/---

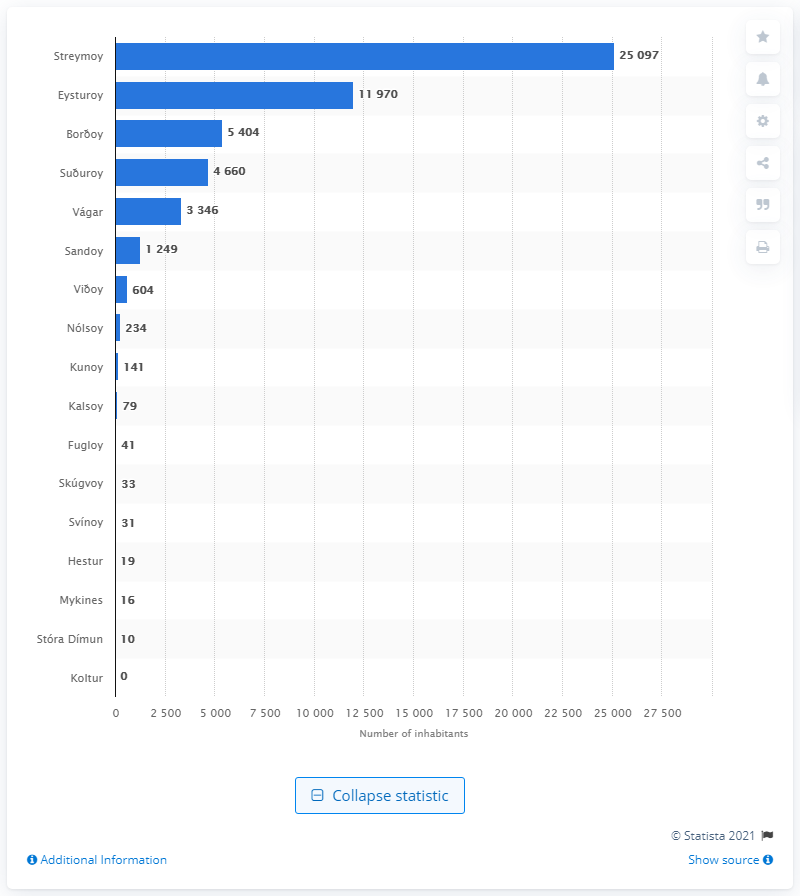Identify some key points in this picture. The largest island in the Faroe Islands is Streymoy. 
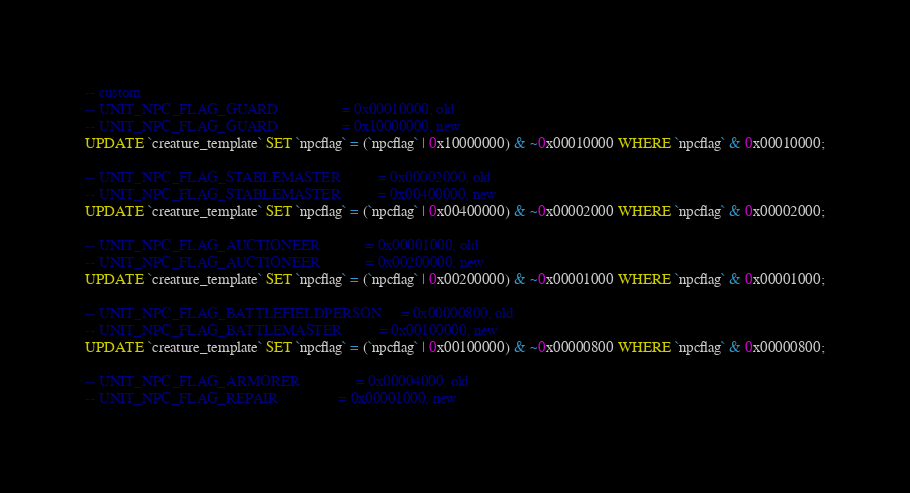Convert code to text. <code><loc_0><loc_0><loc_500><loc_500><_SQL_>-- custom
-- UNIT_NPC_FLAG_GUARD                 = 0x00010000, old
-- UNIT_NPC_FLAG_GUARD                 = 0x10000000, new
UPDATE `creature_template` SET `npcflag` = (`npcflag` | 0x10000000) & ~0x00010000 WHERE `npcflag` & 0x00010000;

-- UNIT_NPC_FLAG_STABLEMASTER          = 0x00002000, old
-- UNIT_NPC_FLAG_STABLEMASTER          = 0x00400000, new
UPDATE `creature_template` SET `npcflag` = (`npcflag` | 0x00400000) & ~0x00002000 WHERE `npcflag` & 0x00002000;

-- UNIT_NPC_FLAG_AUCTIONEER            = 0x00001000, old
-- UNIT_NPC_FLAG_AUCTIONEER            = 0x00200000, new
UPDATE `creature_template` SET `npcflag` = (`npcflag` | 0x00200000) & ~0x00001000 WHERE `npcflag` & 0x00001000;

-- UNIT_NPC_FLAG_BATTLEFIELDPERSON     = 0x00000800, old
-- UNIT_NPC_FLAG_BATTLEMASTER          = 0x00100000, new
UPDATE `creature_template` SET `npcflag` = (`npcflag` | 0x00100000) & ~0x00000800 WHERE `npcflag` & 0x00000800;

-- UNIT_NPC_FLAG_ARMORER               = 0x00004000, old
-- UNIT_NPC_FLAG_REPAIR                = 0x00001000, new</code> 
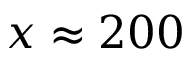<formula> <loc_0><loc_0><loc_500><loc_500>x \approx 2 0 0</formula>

\---
/---

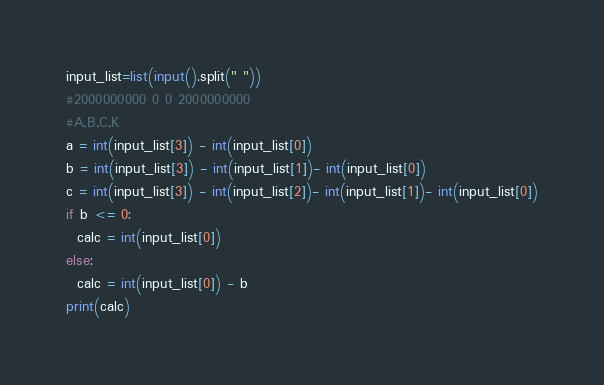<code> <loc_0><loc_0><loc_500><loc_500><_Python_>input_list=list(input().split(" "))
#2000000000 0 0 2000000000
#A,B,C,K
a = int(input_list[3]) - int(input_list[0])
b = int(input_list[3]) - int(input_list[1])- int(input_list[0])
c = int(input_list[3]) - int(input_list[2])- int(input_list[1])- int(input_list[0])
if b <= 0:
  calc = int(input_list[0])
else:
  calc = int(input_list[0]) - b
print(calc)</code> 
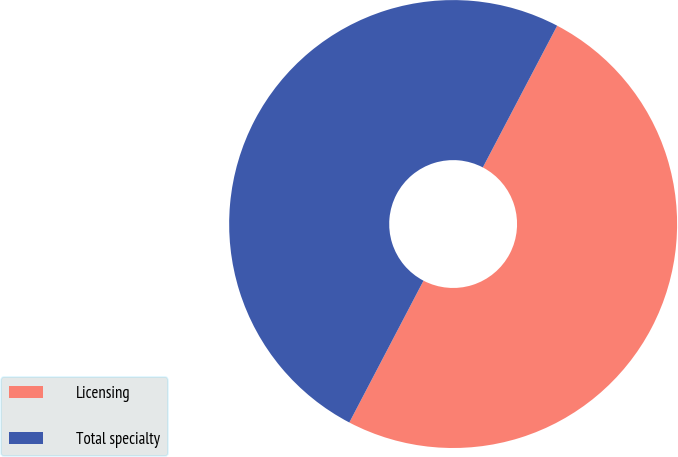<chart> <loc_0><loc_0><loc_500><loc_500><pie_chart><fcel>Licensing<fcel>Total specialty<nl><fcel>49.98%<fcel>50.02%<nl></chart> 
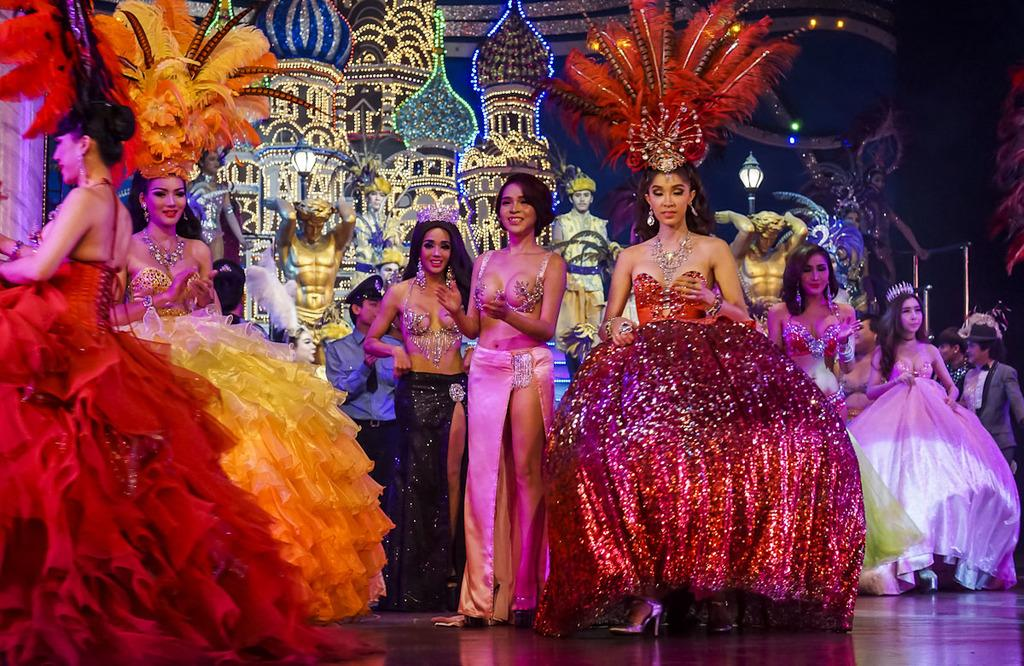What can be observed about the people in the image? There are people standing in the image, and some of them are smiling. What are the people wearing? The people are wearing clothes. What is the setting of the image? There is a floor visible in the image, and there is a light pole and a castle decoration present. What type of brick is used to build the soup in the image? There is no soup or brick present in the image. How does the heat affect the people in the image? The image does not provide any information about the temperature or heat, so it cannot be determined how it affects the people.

\---

**WHAT IS EXPECTED**. Your reply should be the number of lines in the entries that contain "WHERE", nothing more.

**RESULT OF THIS TASK**. 4